#### Problem requirements
For the lines from the one with "Format: lines with" to the end of the listing below, both ends included, give an exact copy and nothing more. Do not copy pictures.
Dataset content Start Marker
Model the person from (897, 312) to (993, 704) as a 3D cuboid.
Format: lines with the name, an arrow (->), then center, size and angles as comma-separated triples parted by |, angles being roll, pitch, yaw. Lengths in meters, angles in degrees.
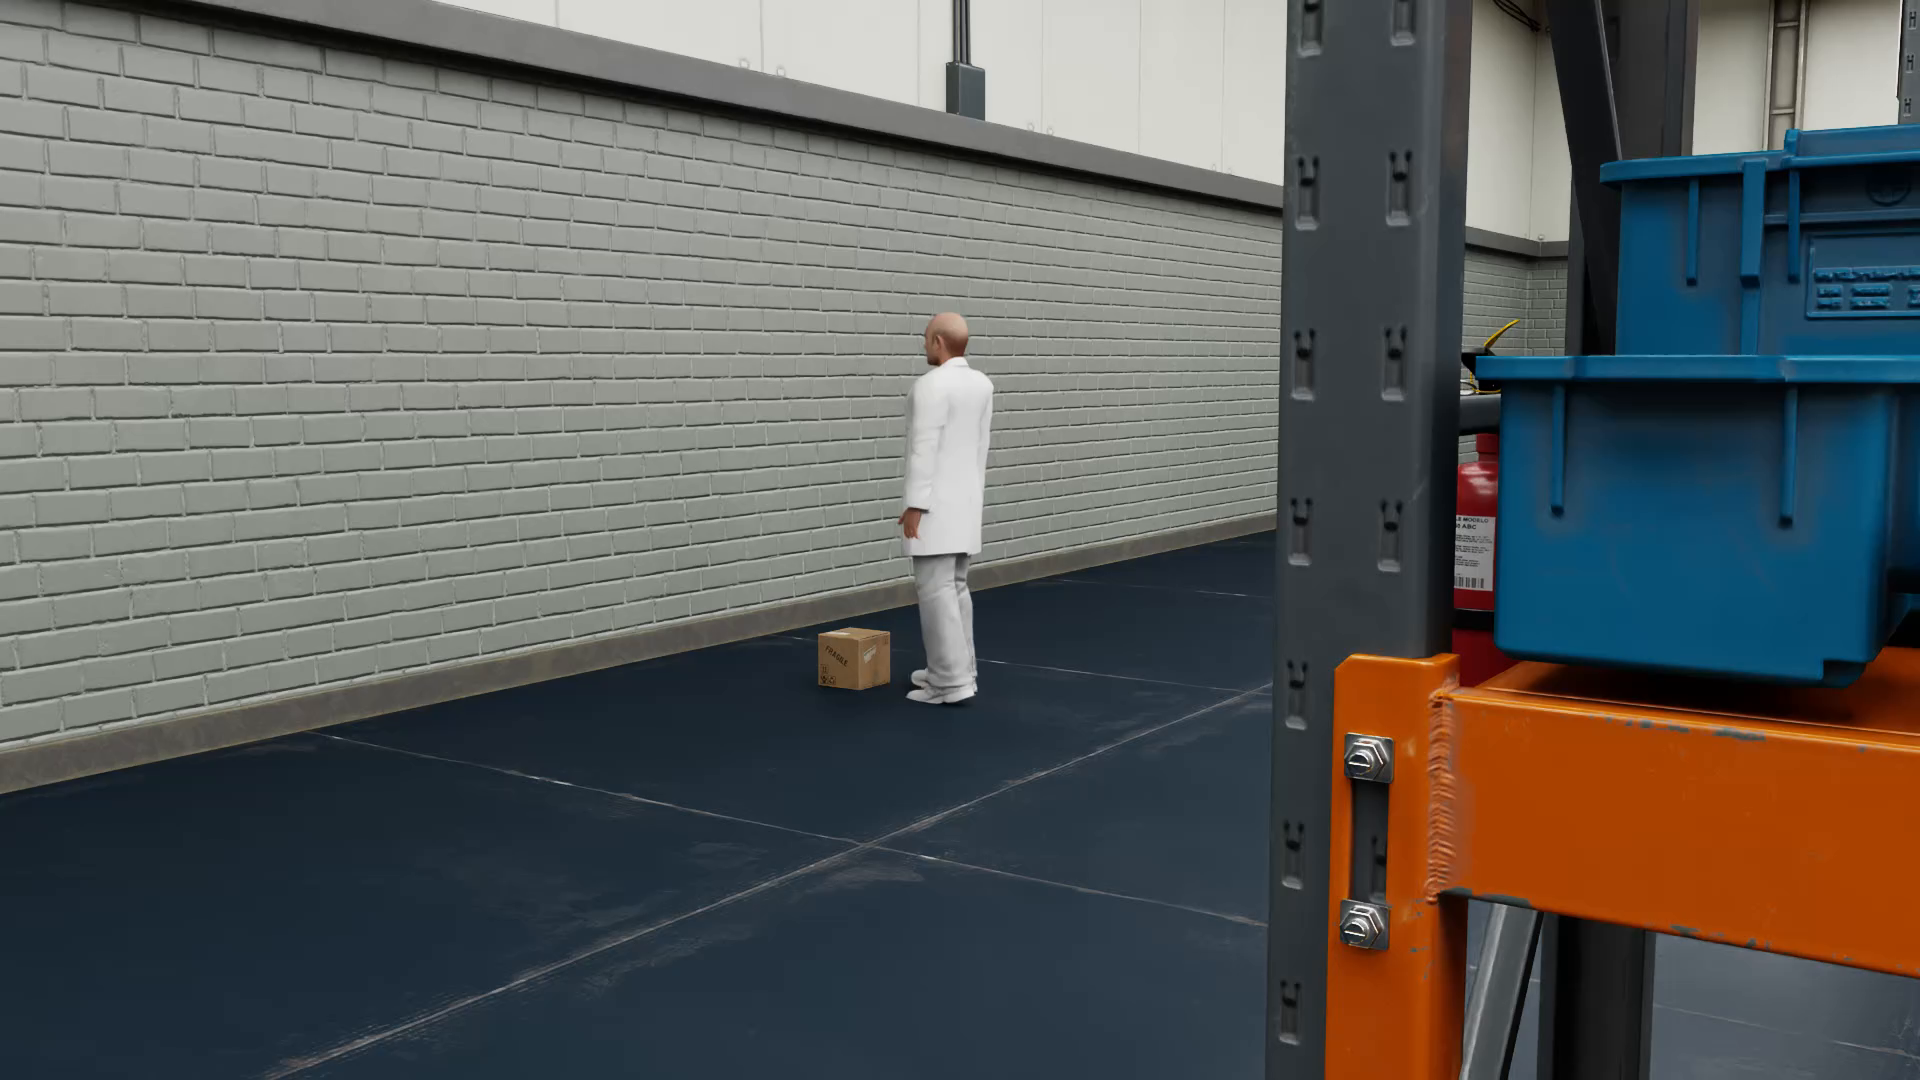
person -> -0.090, -0.140, 7.685 | 0.519, 1.811, 0.574 | 4, 7, 34
Dataset content End Marker
#### Reply to the exercise
Format: lines with the name, an arrow (->), then center, size and angles as comma-separated triples parted by |, angles being roll, pitch, yaw. Lengths in meters, angles in degrees.
person -> -0.090, -0.140, 7.685 | 0.519, 1.811, 0.574 | 4, 7, 34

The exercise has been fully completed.